United States v. Glenn L. Nelson

29 F.3d 261, 1994 U.S. App. LEXIS 16588, 1994 WL 314339
CourtCourt of Appeals for the Seventh Circuit
DecidedJuly 1, 1994
Docket93-3428
StatusPublished
Cited by6 cases

This text of 29 F.3d 261 (United States v. Glenn L. Nelson) is published on Counsel Stack Legal Research, covering Court of Appeals for the Seventh Circuit primary law. Counsel Stack provides free access to over 12 million legal documents including statutes, case law, regulations, and constitutions.

Bluebook
United States v. Glenn L. Nelson, 29 F.3d 261, 1994 U.S. App. LEXIS 16588, 1994 WL 314339 (7th Cir. 1994).

Opinion

FAIRCHILD, Circuit Judge.

Appellant Glenn L. Nelson (“Nelson”) pled guilty to one count of mail fraud in violation of 18 U.S.C. § 1341. He appeals the sentence imposed by the district court. We affirm.

I. BACKGROUND

The information alleged that from April 1990 to April 1991, Nelson “having devised a scheme to defraud and to obtain money and property by means of false and fraudulent pretenses and representations and for the purpose of executing this scheme, knowingly caused mail matter to be placed in the mail and delivered by the United States Postal Service-” During that time period, Nelson operated the Horizon Insurance Agency, and was licensed to sell various types of insurance.

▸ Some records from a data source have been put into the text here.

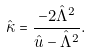Convert formula to latex. <formula><loc_0><loc_0><loc_500><loc_500>\hat { \kappa } = \frac { - 2 \hat { \Lambda } ^ { 2 } } { \hat { u } - \hat { \Lambda } ^ { 2 } } .</formula> 
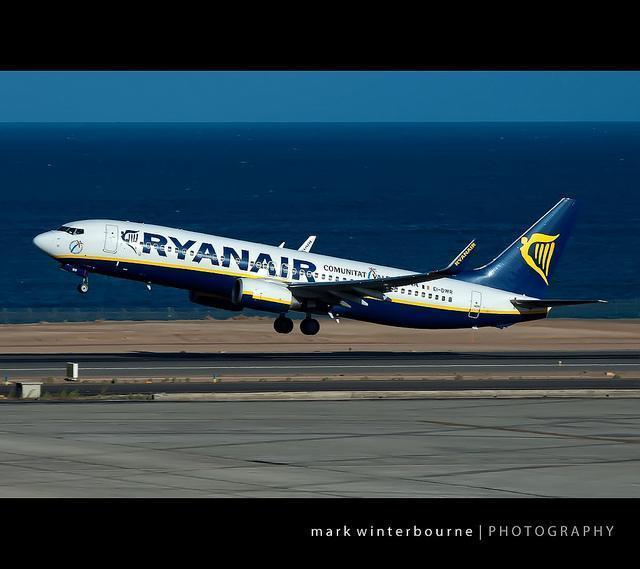How many people are looking toward the camera?
Give a very brief answer. 0. 
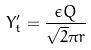<formula> <loc_0><loc_0><loc_500><loc_500>Y _ { t } ^ { \prime } = \frac { \epsilon Q } { \sqrt { 2 } \pi r }</formula> 
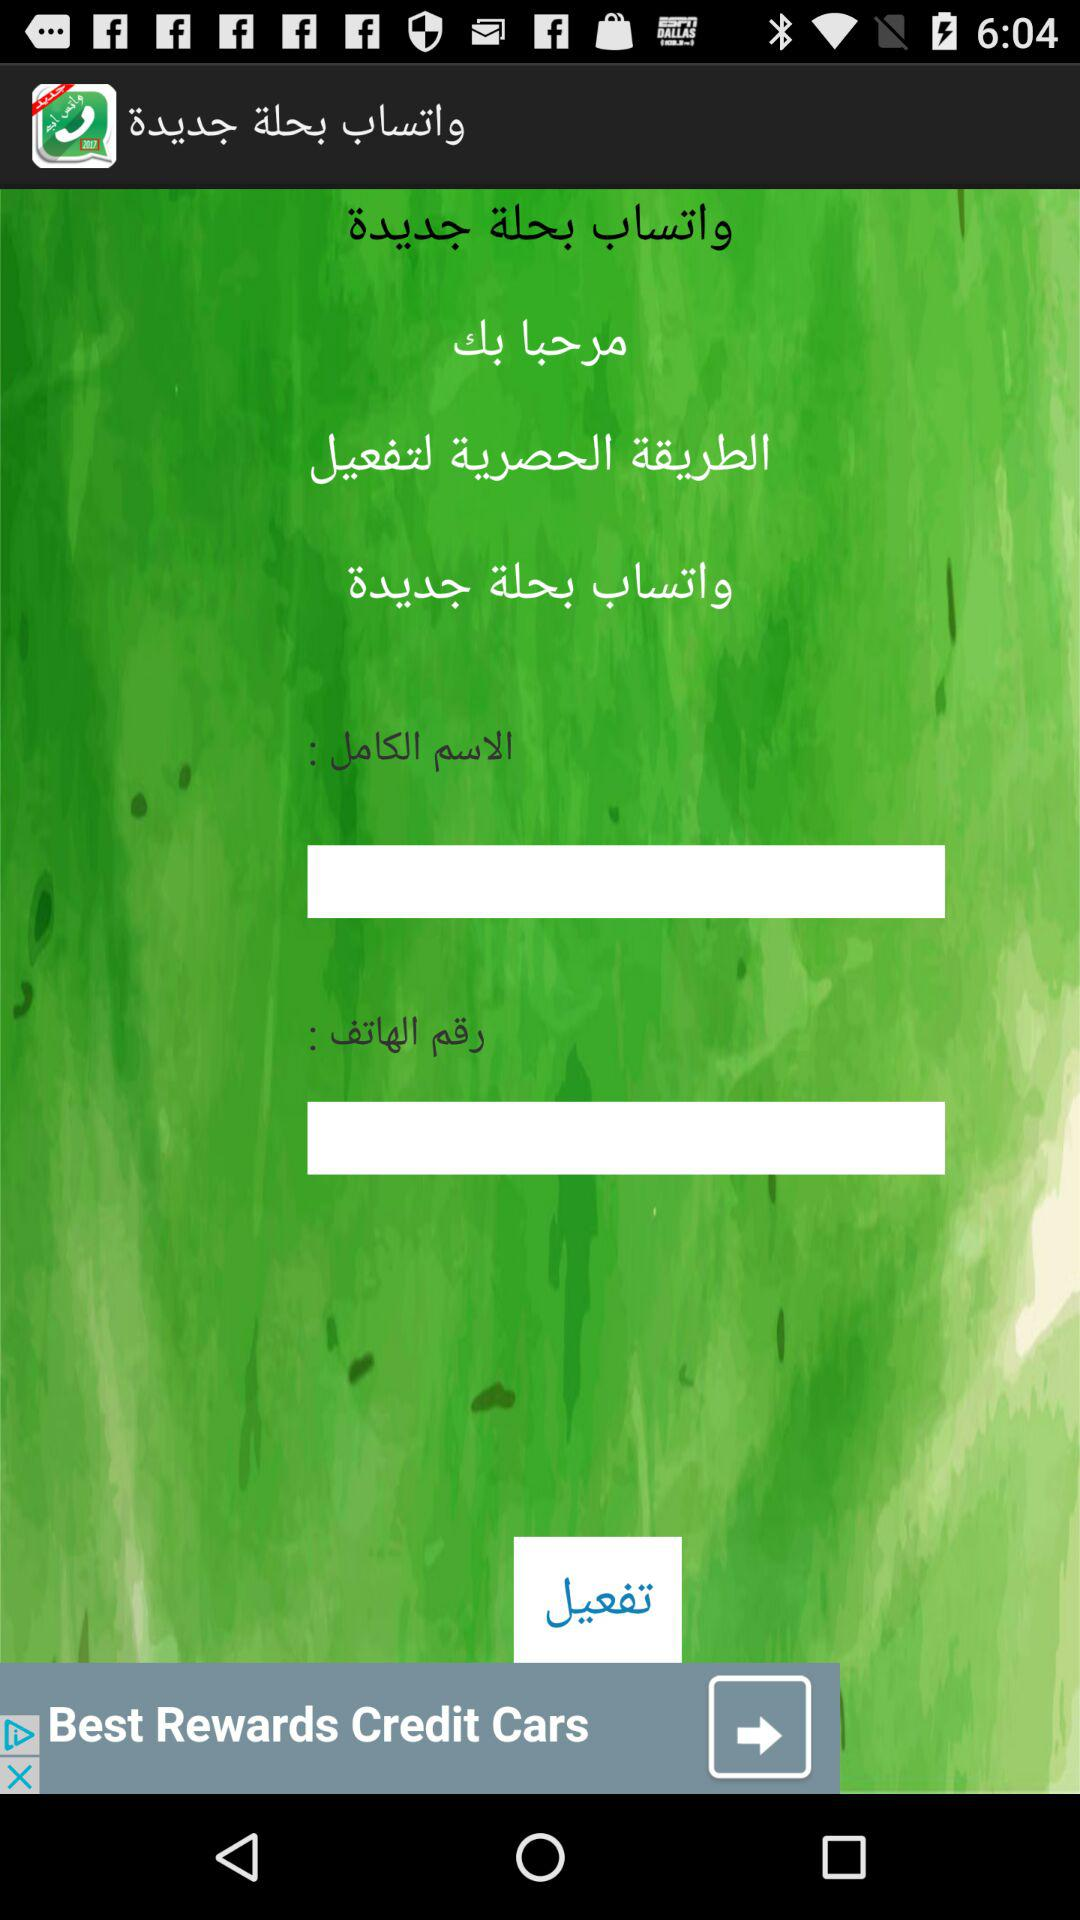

From 1988 through 1990, Nelson collected premiums but failed to obtain coverage for three client companies. Nelson attempted to pay claims himself, but could not keep up the payments for one company. Nelson subsequently refunded the premiums paid by the companies, and agreed to revocation of his license to sell insurance, effective January 1992.

Nelson pled guilty to the one-count information. The district court imposed a two-level increase in Nelson’s offense level, resulting in an offense level of 12; the applicable sentencing guideline range was ten to sixteen months. The district court imposed a ten-month sentence of imprisonment.

II. DISCUSSION

This court reviews the district court’s interpretation of the Sentencing Guidelines de novo. United States v. Gaines, 7 F.3d 101, 103 (7th Cir.1993).

A. Application of § 3B1.3

Nelson • contends that the district court erred when it enhanced his offense level by two levels pursuant to § 3B1.3 of the Sentencing Guidelines (“Abuse of Position of Trust or Use of Special Skill”). That section provides for a two-level increase in offense level “[i]f the defendant abused a position of public or private trust, or used a special skill, in a manner that significantly facilitated the commission or concealment of the offense -” Nelson argues that the Sentencing Commission did not intend § 3B1.3 to apply to a defendant who acted alone.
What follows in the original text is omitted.